Thank you, David
I tried your example and SQLAlchemy seems to correctly modify the
objects for linking them.
Now I only need to create tables first. In your case, you probably
manually created them in Postgre. I am trying to follow the wiki20
style and make SQLAlchemy create tables (in Sqlite). At the moment I
am stuck at the point of creating the foreign key. When calling
metadata.create_all (and actually drop_all) SQLAlchemy tells that it
can't create foreign key to the non-existing table.. of course,
because it hasn't been created yet. I wonder how people create linked
tables via SQLAlchemy.
wordpairtopics_table = Table("wordpairtopics", metadata,
Column("id", Integer, primary_key = True),
Column("title", Unicode(100), nullable = False)
)
class WordPairTopic(object):
def __init__(self, title):
self.title = title
wordpairs_table = Table("wordpairs", metadata,
Column("id", Integer, primary_key=True),
Column("sourcetext", Unicode(100), nullable = False),
Column("desttext", Unicode(100), nullable = False),
Column("topic_id", Integer, ForeignKey("
worpairtopics.id"))
)
...
engine = create_engine("sqlite:///testdevdata2.db", echo=True)
DBSession.configure(bind=engine)
# Create the tables
metadata.drop_all(engine)
metadata.create_all(engine)
Best regards,
Artem.
On Jan 9, 11:55 pm, David Gardner <
dgard...@creatureshop.com> wrote:
> Not sure about TG2, but I have been using SQLAlchemy 0.5 against TG
> 1.0.7 for a while now.
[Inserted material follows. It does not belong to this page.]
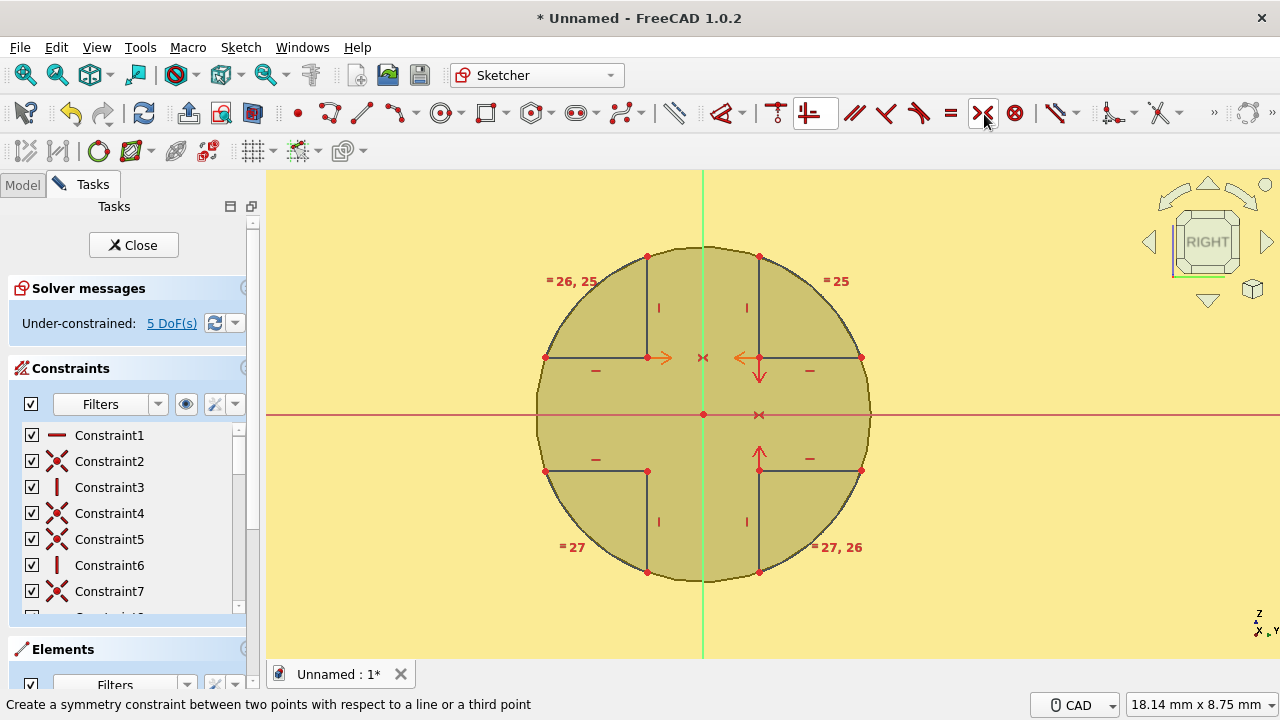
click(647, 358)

Note in my case I'm using SQLAlchemy from the
> command line, and then importing my SA code into model.py in TG and
> exposing it as a webapp. I'm not sure I remember why but adding
> 'save_on_init=False' to my mappers fixed something.
>
> from sqlalchemy import *
> from sqlalchemy.orm import *
>
> # Turbogears compatabilityhttp://
www.sqlalchemy.org/docs/04/session.html#unitofwork_contextual
> > it and SQLAlchemy tutorial athttp://
www.sqlalchemy.org/docs/05/ormtutorial.html#building-a-relation
> > seems to be based on a functionality not yet supported (not
> > recommended?) by TG yet. I was able to find some topics about similar
> > things in this group, but it looks like TG and SQLAlchemy evolve
> > faster, than tutorials and discussions :)
>
> > Could anybody, please, post a simple one to many model example?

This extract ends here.